Agora resta-lhe apoiar. Torcer para que nada dependa do azar. Ou até da sorte. “Ninguém a teve aqui: tudo isto foi fruto do trabalho e do sofrimento”, resume Marco, o treinador, ciente de que hoje dá ordens a uma equipa “pensada com calma” e “para vencer no longo e não no curto-prazo”. Toda a gente, defende, “acreditou que era possível” ter sucesso e “fez por isso”. Agora, diz ele, o presidente e as jogadoras, só falta o resto — mudar a mentalidade e fazer mais pelo futebol feminino. “Desde treinadores, diretores, clubes, federação e imprensa, todos temos de melhorar”, defende Marco Ramos, antes de pegar no primeiro exemplo que lhe vem à cabeça. “O campeonato feminino arranca em setembro. Ou seja, a pré-época é em agosto.
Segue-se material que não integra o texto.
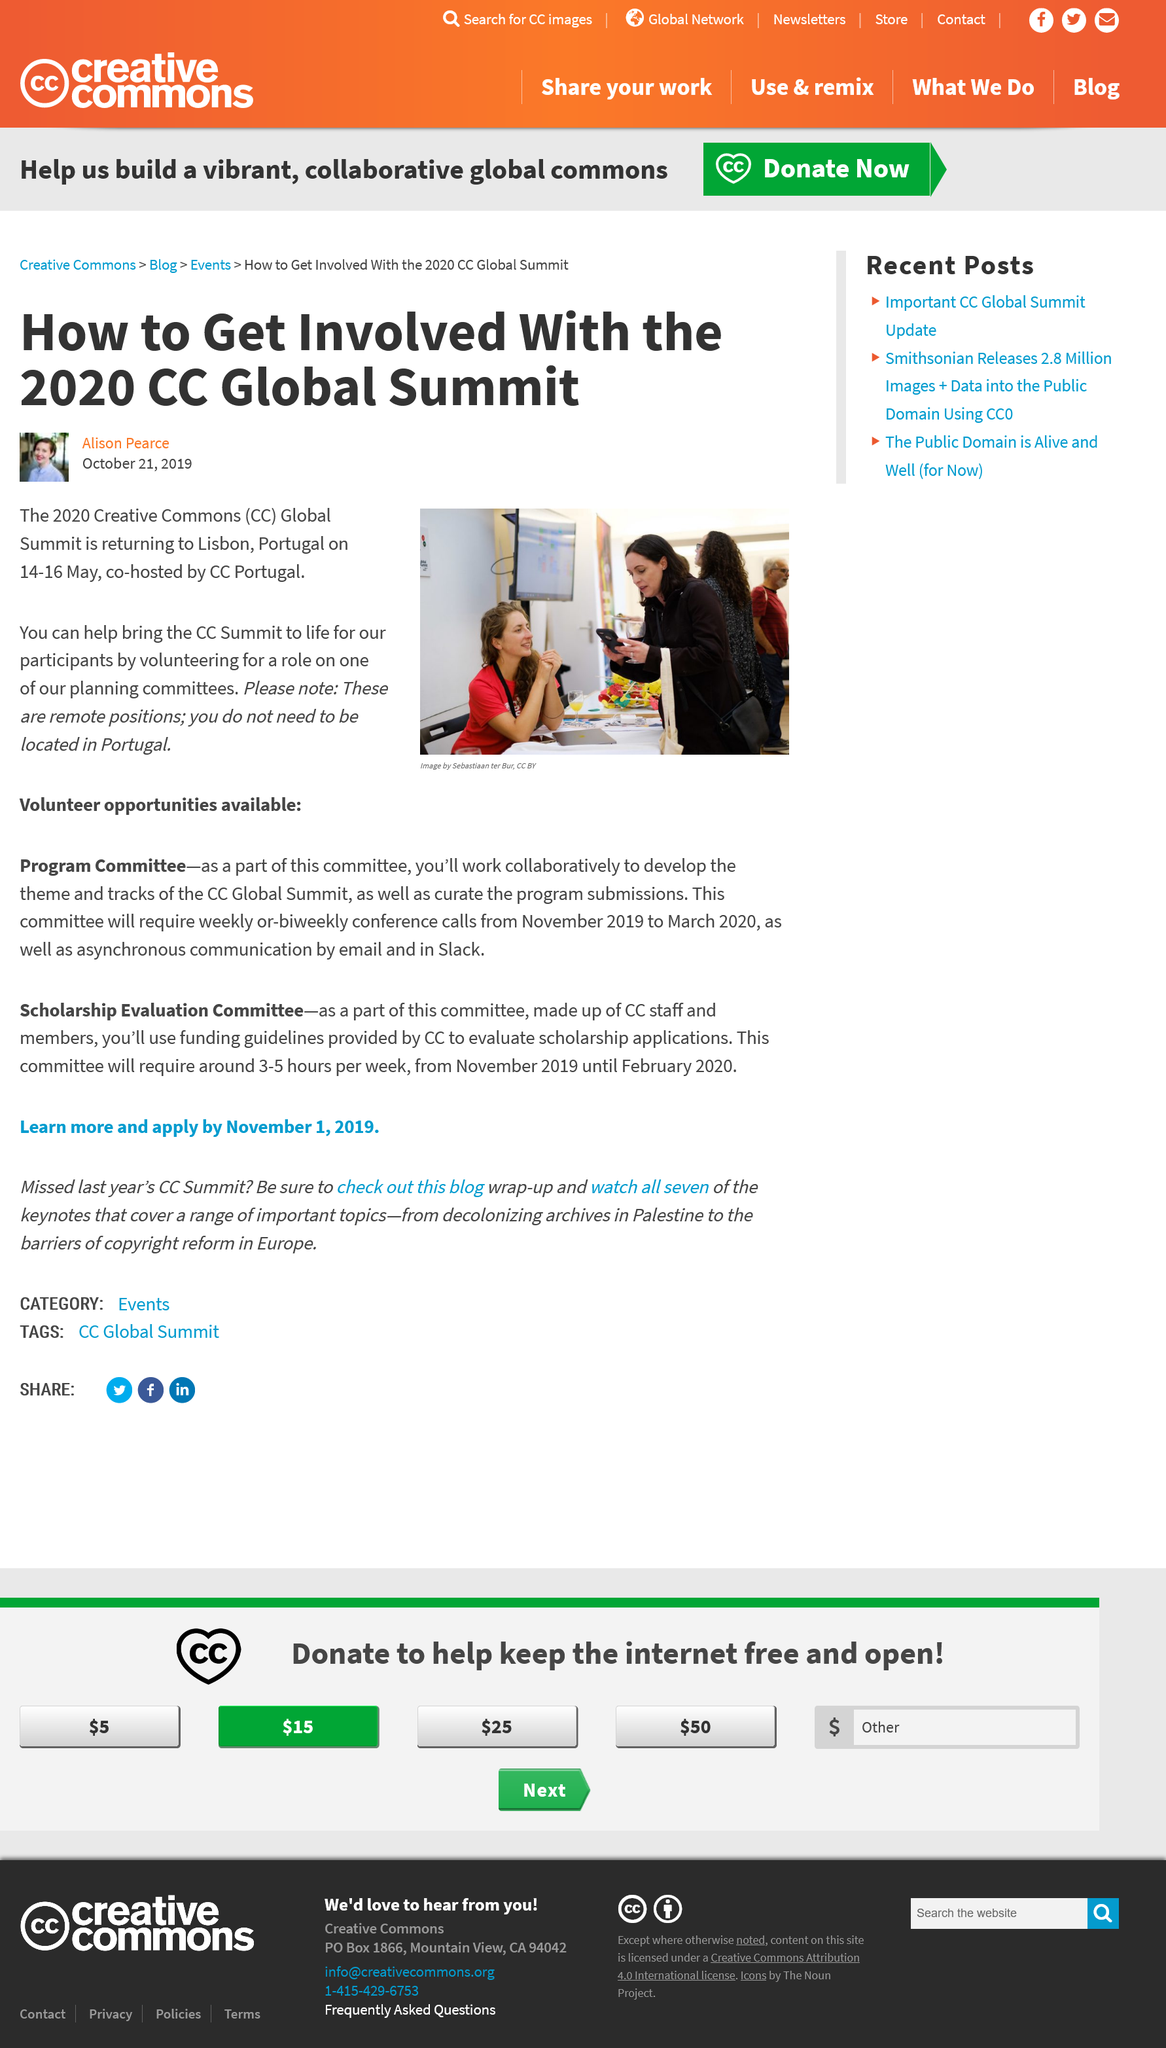Draw attention to some important aspects in this diagram. It is not necessary to reside in Portugal in order to volunteer for the planning committees, as these positions are remote. I am capable of assisting in the success of the 2020 CC Global Summit by volunteering to serve on a planning committee and contributing to the planning and execution of the event. The CC Global Summit 2020 will be held in Lisbon, Portugal.

Mas nesse mês há estágio da seleção e elas vão para lá, num mês que é importante para forma a identidade de uma equipa”, lamenta.
O mesmo fez João Santos, o presidente, o homem do leme que anda em busca de um patrocinador que, a pouco e pouco, lhe permita “ajudar algumas jogadoras”. Ou melhor, a pagar um ordenado, porque ajudas já há várias — e cobrem os custos de quem vem de longe ou “tem uma deslocação” ou “despesa extra para fazer”, quando a faculdade ou a barriga vazia a isso obrigam. Tudo enquanto espera por uma “visão concertada” para o futebol feminino, entre a federação e os clubes. Que não passará por trazer o Benfica, Sporting ou FC Porto para a modalidade, “como alguns dizem”, pois isso “só vai fazer com que venham buscar jogadoras ao Ouriense” e a outros clubes que “fazem muito com pouco” — como o Albergaria, o Futebol Benfica (‘Fófó’) ou o A-dos-Francos.
Mas nenhum fez o que se conseguiu cozinhar em Ourém. “Se fosse um treinador no futebol masculino, não fazia mais nada para o resto da vida: tinha capas, tinha destaque, tinha Chelsea, Real Madrid e tudo. Nem o Mourinho fez isto, ganhar tudo em quatro meses”, desabafou Marco Ramos. Enquanto tudo isso não chega, na bancada estará Ana Pio, a médica e mãe babada, a “mandar uns berros valentes” ou a recorrer ao “megafone ou à vuvuzela” quando a voz lhe falhar. Afinal, garante, já são “todas [suas] filhas”. Com adeptas assim, são precisas mais recompensas?